Task to carry out:
I'd like every line from the material below that has "each" in it.

======== Supplied material ========

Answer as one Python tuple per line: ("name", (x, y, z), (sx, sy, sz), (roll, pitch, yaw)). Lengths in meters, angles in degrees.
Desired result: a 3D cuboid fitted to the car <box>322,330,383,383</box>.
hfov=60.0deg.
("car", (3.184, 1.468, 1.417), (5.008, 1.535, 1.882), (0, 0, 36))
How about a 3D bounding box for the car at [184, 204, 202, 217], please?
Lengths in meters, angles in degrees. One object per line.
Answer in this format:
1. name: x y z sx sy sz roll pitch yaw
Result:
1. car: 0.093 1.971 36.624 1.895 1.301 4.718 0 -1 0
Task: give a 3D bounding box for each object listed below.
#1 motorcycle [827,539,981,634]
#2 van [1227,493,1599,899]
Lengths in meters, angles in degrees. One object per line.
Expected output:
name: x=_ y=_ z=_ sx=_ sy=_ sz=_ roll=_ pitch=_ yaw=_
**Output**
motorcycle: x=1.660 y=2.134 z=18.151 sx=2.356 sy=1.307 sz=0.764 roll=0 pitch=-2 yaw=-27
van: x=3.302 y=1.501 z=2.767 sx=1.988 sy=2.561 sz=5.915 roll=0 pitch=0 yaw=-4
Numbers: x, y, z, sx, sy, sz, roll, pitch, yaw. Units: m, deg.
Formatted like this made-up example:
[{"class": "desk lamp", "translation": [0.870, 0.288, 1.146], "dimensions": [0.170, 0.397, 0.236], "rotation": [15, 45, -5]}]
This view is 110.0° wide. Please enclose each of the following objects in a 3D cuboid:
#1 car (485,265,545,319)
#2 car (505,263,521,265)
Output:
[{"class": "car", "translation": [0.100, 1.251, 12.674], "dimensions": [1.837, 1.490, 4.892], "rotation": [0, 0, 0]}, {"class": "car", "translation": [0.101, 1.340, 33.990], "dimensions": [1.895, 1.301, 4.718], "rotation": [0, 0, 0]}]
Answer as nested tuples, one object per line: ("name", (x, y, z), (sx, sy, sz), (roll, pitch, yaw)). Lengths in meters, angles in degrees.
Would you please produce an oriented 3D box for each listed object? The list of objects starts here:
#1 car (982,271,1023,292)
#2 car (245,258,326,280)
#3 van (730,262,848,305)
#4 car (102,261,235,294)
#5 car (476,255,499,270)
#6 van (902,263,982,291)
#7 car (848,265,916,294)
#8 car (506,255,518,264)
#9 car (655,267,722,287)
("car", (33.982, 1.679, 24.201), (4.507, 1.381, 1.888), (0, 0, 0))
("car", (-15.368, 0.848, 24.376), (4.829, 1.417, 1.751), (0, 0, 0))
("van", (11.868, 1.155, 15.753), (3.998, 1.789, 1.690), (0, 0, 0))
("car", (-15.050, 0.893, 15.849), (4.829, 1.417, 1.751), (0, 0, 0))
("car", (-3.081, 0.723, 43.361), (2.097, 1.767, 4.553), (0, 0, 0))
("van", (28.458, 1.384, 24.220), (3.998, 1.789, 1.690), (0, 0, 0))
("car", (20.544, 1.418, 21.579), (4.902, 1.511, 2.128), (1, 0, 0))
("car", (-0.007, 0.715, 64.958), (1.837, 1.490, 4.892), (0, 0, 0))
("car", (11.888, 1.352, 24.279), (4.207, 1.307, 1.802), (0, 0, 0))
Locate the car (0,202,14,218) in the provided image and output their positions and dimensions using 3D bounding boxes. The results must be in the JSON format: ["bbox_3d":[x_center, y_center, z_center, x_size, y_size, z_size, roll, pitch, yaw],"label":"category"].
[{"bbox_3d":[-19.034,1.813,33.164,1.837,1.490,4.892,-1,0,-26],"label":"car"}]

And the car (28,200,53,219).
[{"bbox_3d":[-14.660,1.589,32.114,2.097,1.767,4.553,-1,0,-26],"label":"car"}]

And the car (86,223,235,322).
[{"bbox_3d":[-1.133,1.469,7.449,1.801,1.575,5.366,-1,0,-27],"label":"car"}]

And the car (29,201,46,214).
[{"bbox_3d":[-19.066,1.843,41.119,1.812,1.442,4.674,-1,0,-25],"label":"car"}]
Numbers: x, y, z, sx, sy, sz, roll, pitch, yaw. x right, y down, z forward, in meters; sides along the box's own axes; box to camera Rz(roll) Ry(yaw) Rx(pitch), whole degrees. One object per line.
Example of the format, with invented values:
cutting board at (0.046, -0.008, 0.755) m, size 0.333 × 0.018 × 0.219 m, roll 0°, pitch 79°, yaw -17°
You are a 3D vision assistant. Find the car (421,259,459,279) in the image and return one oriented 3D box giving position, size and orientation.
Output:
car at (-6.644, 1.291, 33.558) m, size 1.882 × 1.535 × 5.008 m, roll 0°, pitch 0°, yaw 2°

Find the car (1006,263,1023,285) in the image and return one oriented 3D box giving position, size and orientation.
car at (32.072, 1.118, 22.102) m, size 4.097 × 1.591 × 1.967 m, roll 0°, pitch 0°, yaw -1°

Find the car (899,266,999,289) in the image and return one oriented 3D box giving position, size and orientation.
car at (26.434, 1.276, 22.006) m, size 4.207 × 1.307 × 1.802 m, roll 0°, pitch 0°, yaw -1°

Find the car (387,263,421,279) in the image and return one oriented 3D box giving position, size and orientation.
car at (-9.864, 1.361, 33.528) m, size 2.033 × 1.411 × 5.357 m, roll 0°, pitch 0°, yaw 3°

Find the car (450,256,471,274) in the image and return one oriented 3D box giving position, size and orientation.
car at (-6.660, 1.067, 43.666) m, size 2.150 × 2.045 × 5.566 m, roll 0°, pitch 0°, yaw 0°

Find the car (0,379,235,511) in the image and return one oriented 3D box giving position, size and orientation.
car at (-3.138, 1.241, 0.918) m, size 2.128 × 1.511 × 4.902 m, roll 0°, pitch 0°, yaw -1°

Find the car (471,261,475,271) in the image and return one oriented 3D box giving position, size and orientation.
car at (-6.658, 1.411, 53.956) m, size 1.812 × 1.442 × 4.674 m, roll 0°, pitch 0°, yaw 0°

========

Written solution:
Task: give a 3D bounding box for each object listed below.
This view is 110.0° wide. Please enclose each of the following objects in a 3D cuboid:
Would you please produce an oriented 3D box for each listed object? The list of objects starts here:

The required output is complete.